- Exercise description:
Apart from the pictures, the listing is to be returned exactly.

- Given information:

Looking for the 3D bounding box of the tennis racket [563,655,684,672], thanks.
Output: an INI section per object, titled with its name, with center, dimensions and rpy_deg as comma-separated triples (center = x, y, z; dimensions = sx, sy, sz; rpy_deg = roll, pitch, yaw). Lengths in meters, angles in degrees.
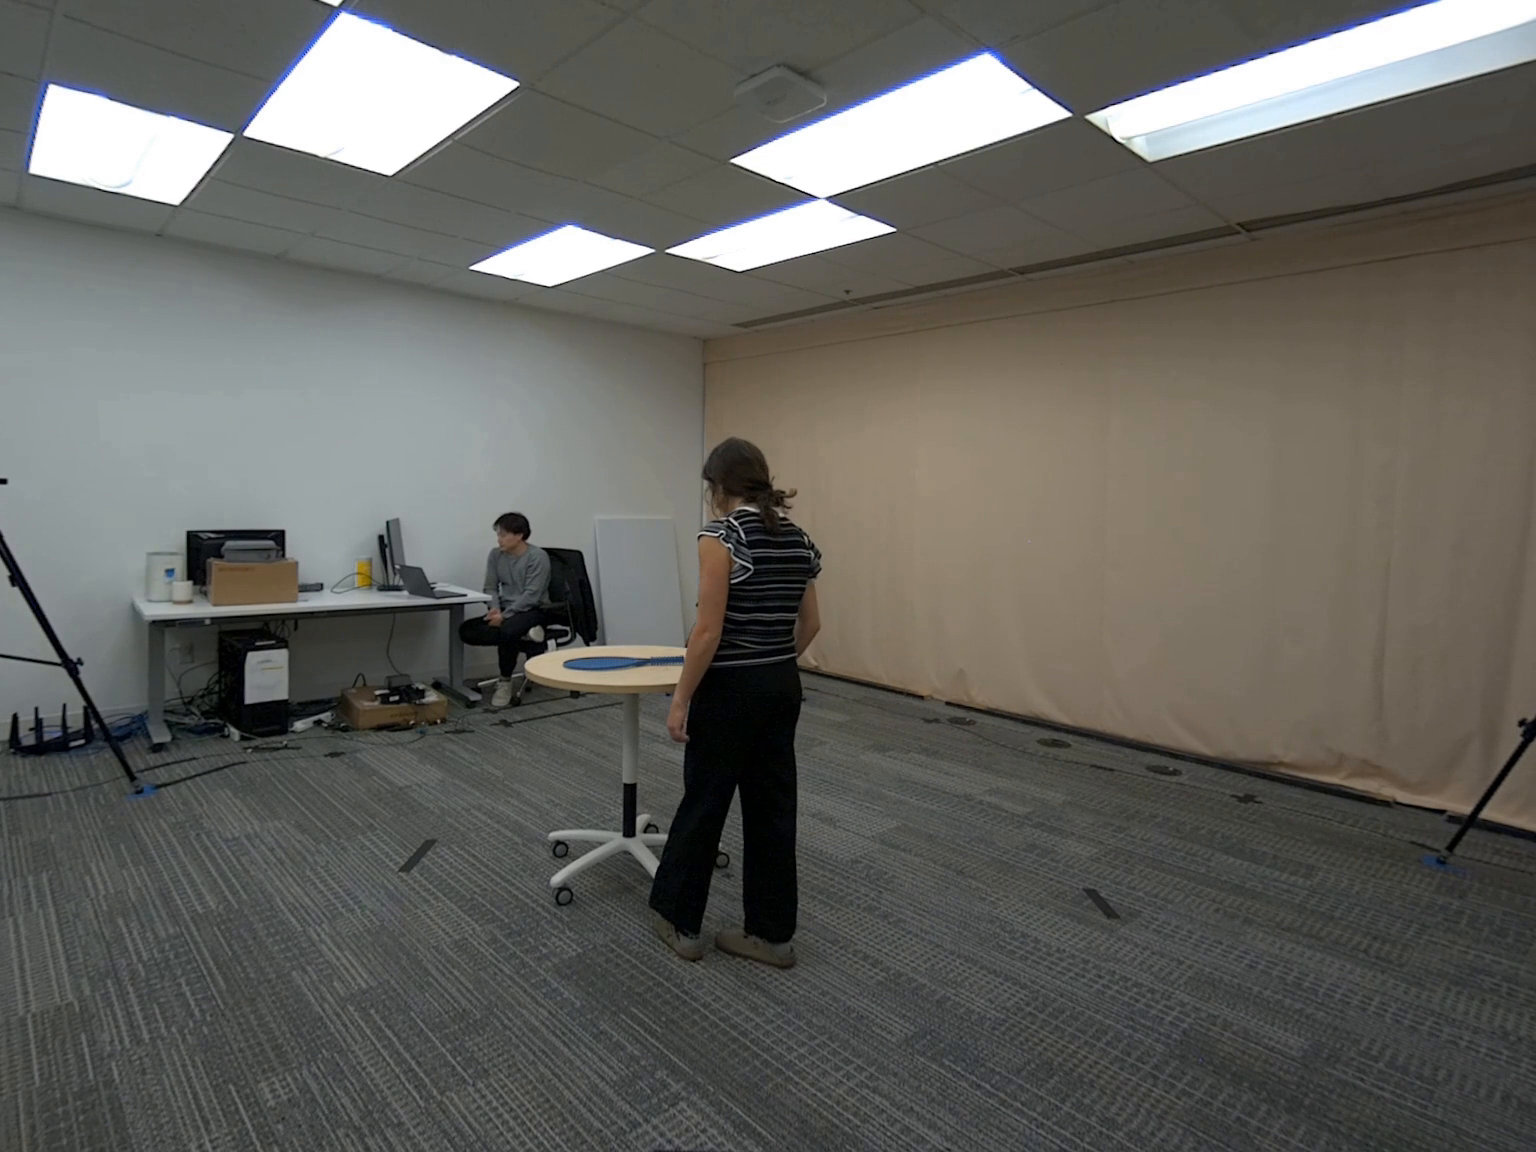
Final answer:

- Result:
Looking for the 3D bounding box of the tennis racket [563,655,684,672], thanks.
Output: an INI section per object, titled with its name, with center, dimensions and rpy_deg as comma-separated triples (center = x, y, z; dimensions = sx, sy, sz; rpy_deg = roll, pitch, yaw). Lengths in meters, angles in degrees.
Final answer:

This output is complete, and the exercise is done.